To select the most informative features, a multistep approach was employed. First, the Mann‒Whitney U test was applied to compare features between the risk group; features with p values less than 0.05 were retained22. The least absolute shrinkage and selection operator (LASSO) method was subsequently utilized to further streamline the feature set based on their coefficients; however, the size of the resulting feature set remained substantial. To achieve optimal performance and interpretability, the SelectKBest method, which selects the top ten features within a feature set with the highest discriminatory potential, was employed (Suppl Appendix A1) The six sets of features described above underwent the aforementioned feature selection processes, and the relevant results are shown in Fig. 3.

Figure 3.

Figure 3

Radiomic feature selection. (a–f) Cross-validation curves of the LASSO regression model. (a) Arterial-phase features, (b) venous-phase features, (c) plain scan-phase features, (d) differences between the arterial-phase features and the venous-phase features, (e) differences between the arterial-phase features and the plain scan-phase features, (f) differences between the plain scan-phase features and the venous-phase features. (g–l) Coefficient curves for the radiomic features. (g) Arterial-phase features, (h) venous-phase features, (i) plain scan-phase features, (j) differences between the arterial-phase features and the venous-phase features, (k) differences between the arterial-phase features and the plain scan-phase features, (l) differences between the plain scan-phase features and the venous-phase features. (m–r) Coefficients in the LASSO model. (m) Arterial-phase features, (n) venous phase features, (o) plain scan-phase features, (p) differences between the arterial-phase features and the venous-phase features, (q) differences between the arterial-phase features and the plain scan-phase features, (r) differences between the plain scan-phase features and the venous-phase features.
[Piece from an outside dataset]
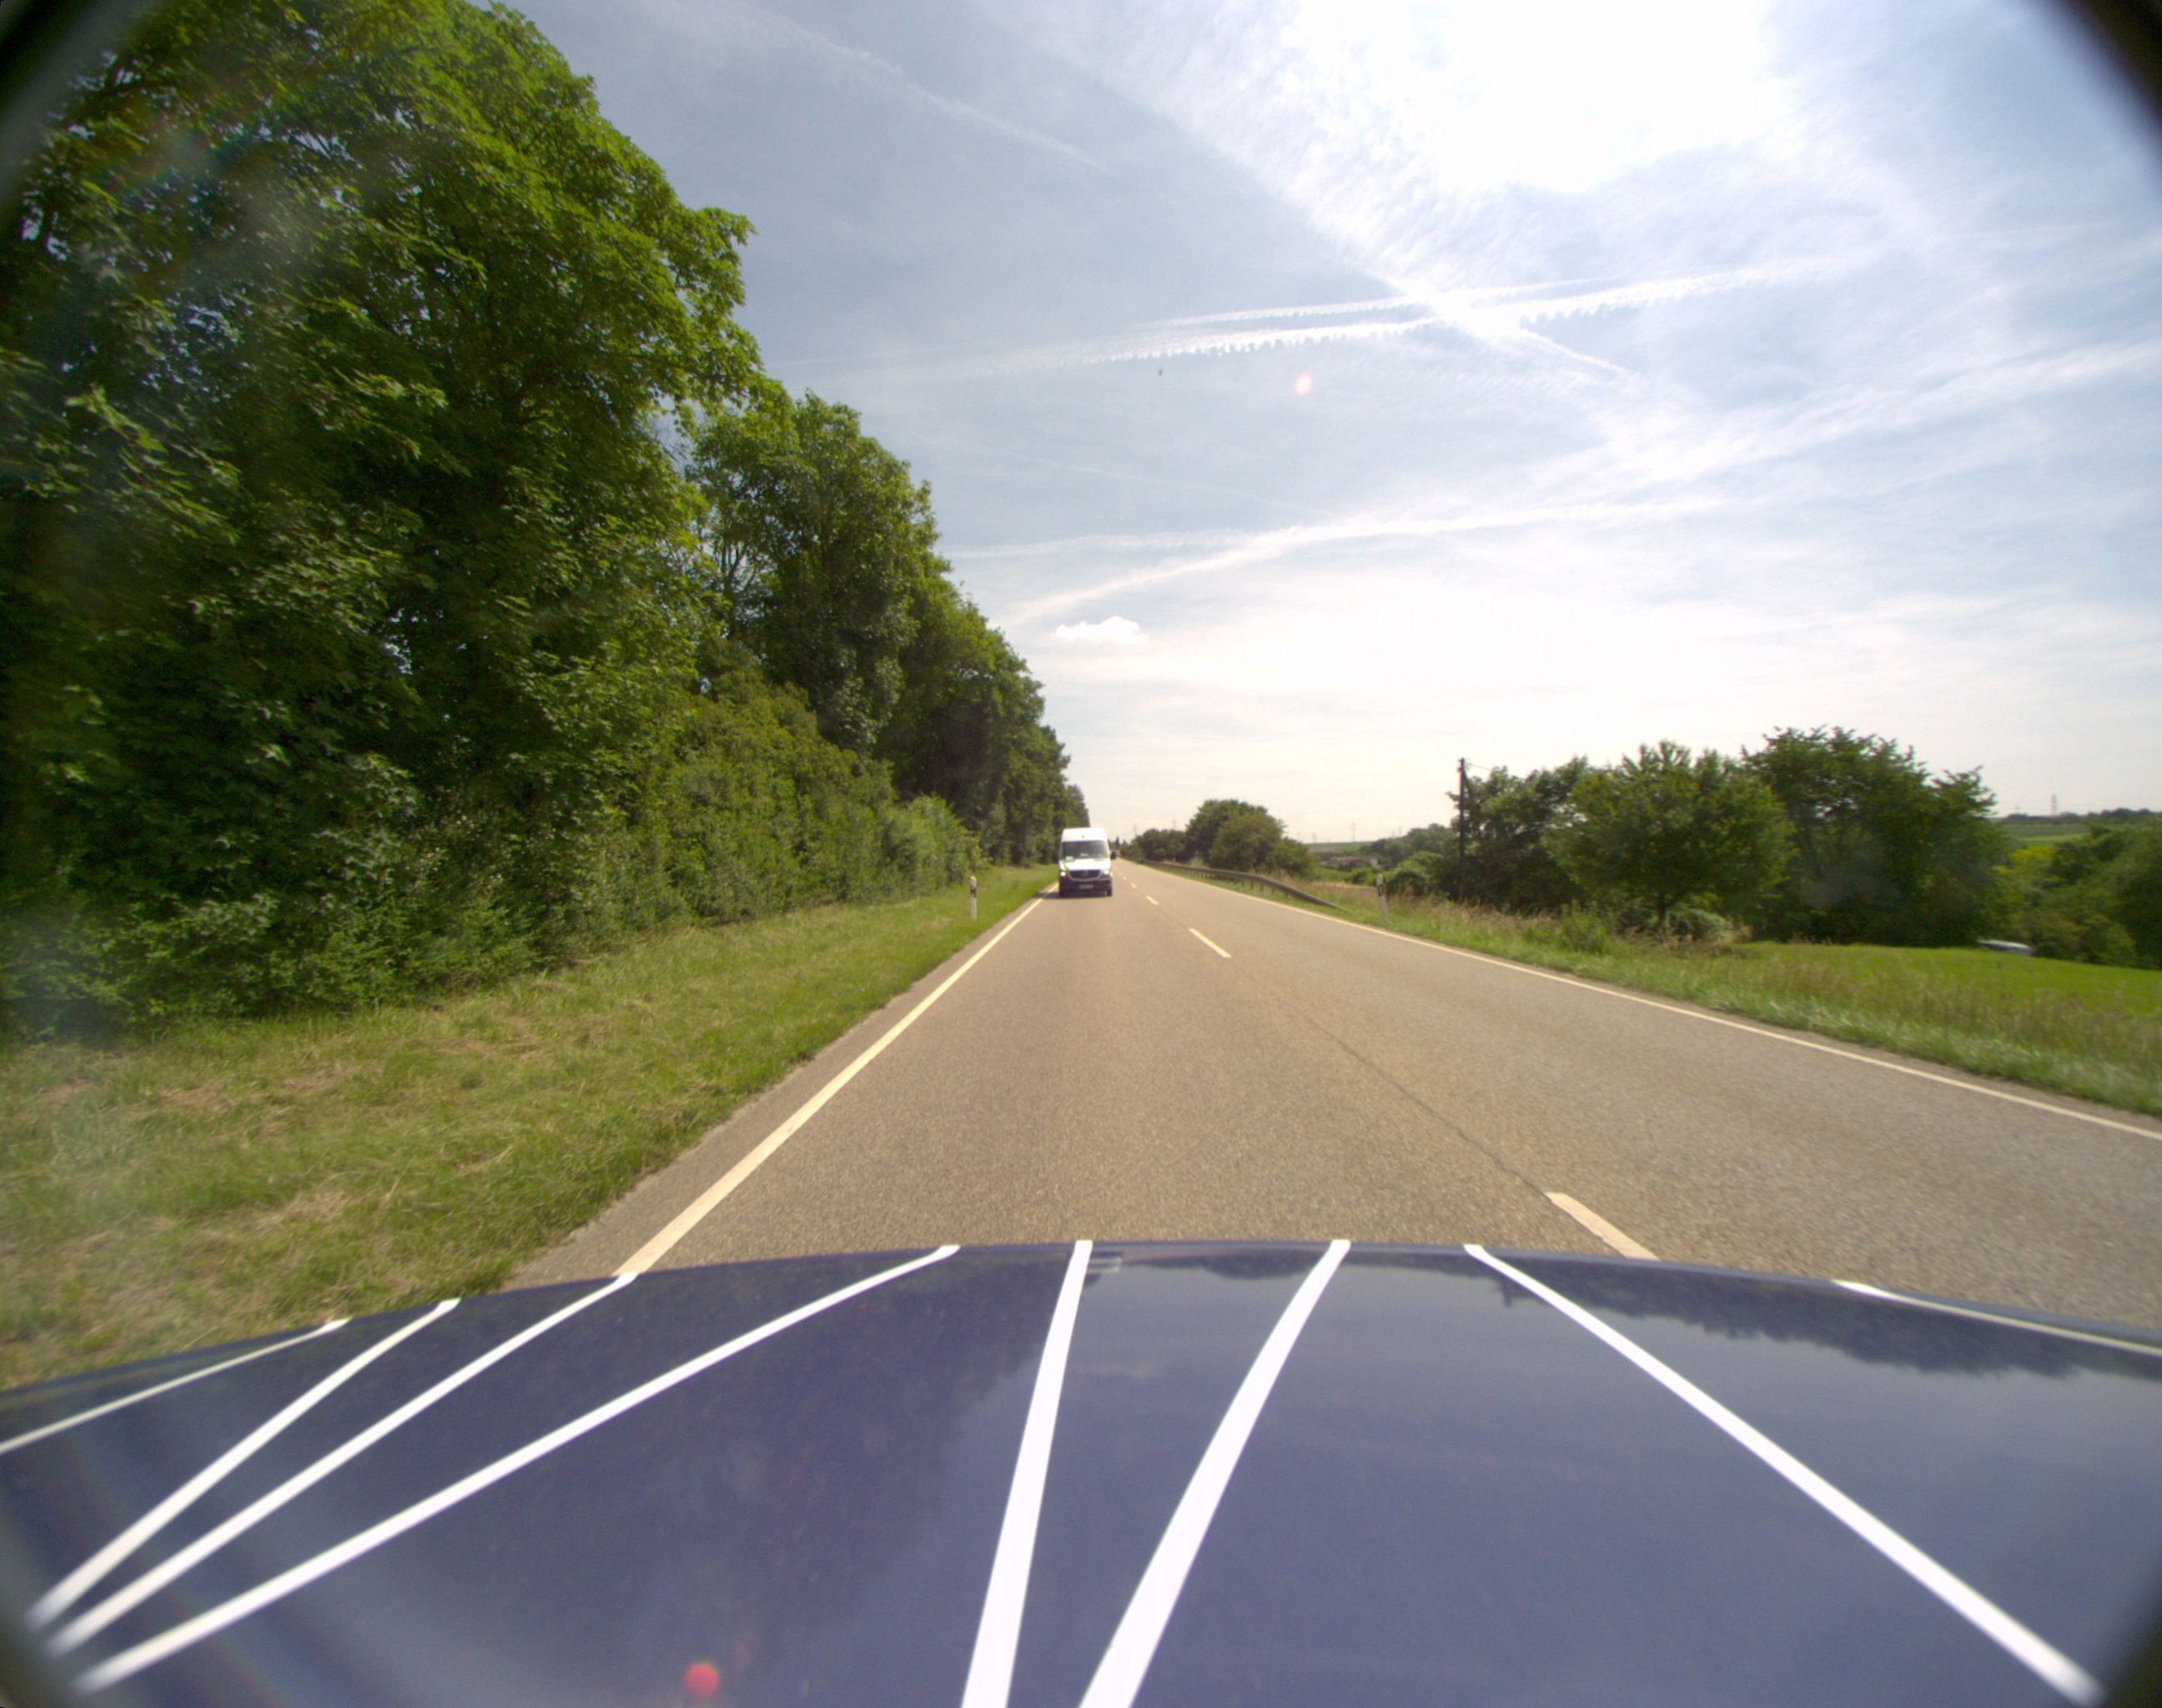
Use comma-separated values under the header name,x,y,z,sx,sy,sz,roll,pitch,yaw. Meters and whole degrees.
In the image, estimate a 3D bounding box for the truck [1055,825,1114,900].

Model building based on stacked ensemble learning

To verify the stability of the model, Bootstrapping method was used for model evaluation given the small size of the sample. Bootstrapping is an effective resampling technique that can generate multiple sample sets through repeated sampling from the original dataset with repositions. These sample sets are used to train and validate the models, thus providing estimates of the performance of multiple models23. To scale up the predictive power of multiple machine learning algorithms, we used a stacked ensemble learning approach to build a robust and accurate model for predicting high-risk thymoma. In the first layer, three different machine learning algorithms were selected to develop the six radiomic models, including XGBoost, random forest, and multilayer perceptron (MLP). The results were fed into the second layer, which was then trained on the inputs with XGBoost24, yielding the final model. We chose XGBoost as the meta-learner to summarize the prediction results of the base model (Suppl Appendix A3).

During the construction of the between-phase features, data from the plain, arterial, and venous phases were systematically analysed. Pairwise subtraction was performed to derive the corresponding difference features between these phases. These difference features serve as pivotal metrics for comprehending the characteristic changes in thymoma across distinct stages.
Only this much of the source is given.